Batch Size (Hyper-Parameters Tuning) and Data Transformation

Hyper-parameters tuning can enhance the effectiveness of the ANN-based models. The most common method for tuning the model parameters is trial and error. Regarding the number of epochs, there is no general rule or special procedure, since this parameter expresses only the times the dataset is parsed.

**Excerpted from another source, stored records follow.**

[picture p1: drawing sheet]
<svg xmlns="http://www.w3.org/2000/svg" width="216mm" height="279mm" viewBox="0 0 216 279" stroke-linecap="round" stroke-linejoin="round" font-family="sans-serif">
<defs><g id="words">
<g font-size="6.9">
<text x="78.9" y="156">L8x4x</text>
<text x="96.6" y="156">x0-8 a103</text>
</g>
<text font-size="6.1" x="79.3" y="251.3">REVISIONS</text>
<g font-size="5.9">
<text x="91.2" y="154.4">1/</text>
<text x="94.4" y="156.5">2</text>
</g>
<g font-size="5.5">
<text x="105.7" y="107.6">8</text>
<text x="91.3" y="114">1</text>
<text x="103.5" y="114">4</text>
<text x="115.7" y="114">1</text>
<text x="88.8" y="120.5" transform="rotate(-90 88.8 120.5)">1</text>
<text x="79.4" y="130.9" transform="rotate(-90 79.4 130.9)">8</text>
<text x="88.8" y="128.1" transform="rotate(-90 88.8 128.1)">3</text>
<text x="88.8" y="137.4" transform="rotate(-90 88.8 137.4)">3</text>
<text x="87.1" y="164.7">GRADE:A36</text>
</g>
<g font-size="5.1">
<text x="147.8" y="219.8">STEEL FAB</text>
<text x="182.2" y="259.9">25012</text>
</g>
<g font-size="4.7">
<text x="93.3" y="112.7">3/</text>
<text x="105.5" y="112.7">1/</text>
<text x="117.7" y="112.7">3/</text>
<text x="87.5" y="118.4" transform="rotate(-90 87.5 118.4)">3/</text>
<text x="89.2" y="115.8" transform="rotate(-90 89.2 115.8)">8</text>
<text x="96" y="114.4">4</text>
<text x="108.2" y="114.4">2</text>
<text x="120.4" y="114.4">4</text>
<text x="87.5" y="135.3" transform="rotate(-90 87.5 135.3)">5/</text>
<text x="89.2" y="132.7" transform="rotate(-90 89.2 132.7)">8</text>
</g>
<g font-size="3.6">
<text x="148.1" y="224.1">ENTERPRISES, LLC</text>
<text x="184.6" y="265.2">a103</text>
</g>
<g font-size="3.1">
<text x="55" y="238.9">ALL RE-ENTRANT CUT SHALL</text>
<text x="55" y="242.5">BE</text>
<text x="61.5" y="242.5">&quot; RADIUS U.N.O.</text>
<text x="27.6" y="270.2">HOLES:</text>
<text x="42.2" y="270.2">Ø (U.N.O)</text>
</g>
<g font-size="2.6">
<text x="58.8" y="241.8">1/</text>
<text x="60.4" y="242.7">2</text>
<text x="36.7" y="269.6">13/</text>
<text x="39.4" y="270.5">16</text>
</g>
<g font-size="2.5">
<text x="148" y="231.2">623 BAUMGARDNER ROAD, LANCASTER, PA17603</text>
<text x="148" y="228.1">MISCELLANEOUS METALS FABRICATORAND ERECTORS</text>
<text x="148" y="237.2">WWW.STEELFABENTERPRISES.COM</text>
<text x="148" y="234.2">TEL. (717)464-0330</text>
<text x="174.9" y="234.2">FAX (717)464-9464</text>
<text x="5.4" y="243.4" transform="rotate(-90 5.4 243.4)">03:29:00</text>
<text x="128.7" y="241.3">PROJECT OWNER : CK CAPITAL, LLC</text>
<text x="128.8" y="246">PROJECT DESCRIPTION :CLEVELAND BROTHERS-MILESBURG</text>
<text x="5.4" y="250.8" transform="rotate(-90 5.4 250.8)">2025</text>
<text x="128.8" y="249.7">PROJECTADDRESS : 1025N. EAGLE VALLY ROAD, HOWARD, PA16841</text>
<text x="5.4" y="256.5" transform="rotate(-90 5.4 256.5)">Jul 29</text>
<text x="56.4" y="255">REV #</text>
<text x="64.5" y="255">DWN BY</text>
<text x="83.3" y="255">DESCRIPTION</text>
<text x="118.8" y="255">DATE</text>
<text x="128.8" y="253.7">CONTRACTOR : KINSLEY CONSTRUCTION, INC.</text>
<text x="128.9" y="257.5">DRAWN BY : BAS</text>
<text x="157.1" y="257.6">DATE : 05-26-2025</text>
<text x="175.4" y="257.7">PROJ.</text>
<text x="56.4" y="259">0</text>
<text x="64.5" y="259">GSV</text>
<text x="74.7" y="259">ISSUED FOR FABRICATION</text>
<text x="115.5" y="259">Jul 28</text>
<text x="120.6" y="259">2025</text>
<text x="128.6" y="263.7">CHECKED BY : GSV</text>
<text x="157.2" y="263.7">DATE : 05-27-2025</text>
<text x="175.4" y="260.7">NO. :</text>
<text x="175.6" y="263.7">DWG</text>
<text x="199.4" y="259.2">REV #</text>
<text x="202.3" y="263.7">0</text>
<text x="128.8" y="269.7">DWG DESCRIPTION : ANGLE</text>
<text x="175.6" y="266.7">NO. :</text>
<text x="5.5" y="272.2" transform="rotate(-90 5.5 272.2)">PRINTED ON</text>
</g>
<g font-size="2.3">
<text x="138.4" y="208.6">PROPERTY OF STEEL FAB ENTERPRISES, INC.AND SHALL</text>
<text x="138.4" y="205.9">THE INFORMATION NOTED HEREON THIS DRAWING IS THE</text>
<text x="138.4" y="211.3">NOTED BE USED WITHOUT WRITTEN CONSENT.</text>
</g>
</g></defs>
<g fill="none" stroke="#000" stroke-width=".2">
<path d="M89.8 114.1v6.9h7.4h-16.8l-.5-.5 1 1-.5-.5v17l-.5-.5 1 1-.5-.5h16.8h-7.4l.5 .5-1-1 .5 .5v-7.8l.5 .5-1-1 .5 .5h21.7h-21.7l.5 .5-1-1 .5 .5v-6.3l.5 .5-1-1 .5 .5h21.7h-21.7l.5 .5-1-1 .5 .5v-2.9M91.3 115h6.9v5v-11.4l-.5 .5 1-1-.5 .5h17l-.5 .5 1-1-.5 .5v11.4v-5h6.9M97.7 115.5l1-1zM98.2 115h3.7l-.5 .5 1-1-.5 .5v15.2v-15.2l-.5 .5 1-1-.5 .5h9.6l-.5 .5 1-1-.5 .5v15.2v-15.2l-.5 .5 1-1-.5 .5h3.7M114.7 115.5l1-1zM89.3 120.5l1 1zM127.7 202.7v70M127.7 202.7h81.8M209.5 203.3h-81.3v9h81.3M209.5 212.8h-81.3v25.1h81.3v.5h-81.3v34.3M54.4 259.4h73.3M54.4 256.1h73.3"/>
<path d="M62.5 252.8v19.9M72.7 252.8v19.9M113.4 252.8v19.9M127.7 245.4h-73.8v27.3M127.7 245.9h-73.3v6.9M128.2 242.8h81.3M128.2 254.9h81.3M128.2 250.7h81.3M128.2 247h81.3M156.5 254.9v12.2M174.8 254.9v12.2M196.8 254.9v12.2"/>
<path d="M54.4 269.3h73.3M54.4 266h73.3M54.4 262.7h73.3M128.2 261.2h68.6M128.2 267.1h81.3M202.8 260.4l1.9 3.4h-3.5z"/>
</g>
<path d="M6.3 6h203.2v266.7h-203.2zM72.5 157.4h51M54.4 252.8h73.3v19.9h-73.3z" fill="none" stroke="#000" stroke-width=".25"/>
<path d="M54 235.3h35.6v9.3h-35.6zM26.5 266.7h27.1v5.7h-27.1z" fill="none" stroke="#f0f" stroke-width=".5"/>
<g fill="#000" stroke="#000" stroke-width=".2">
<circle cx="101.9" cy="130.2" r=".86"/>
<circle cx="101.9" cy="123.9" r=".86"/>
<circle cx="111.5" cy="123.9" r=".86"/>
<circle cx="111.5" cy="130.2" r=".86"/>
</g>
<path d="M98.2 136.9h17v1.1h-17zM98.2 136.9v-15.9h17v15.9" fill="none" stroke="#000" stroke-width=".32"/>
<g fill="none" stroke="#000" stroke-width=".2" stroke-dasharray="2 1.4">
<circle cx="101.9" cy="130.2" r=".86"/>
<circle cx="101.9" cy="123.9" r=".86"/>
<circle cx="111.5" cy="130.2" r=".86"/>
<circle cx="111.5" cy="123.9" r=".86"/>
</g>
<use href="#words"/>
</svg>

On the other hand, the batch size is a much more complex parameter. It determines the number of samples that will be propagated through the network, while the model updates the weights after each propagation instance. The batch size is a very important parameter because it can accelerate or slow down the training process of the model. In this paper, we study the effects that batch size has on the accuracy of the proposed model and an optimal batch size tuning method is proposed. After the correlation analysis is concluded, a time interval is selected which is used as input for our models. Our method ensures that the optimal batch size must correspond to the chosen time interval. When the batch size is randomly selected or the classic trial and error method is employed, the weights are updated in randomly chosen time periods, considering groups of observations that do not match the statistical analysis of the dataset. As a result, the updated weights are incorrect. On the contrary, if the batch size is determined consistently with the chosen time interval, the model reviews a specific time period with proven inclusion of the relevant observations. In this way, the proposed methodology leads to a more efficient tuning process and in most cases to better performances.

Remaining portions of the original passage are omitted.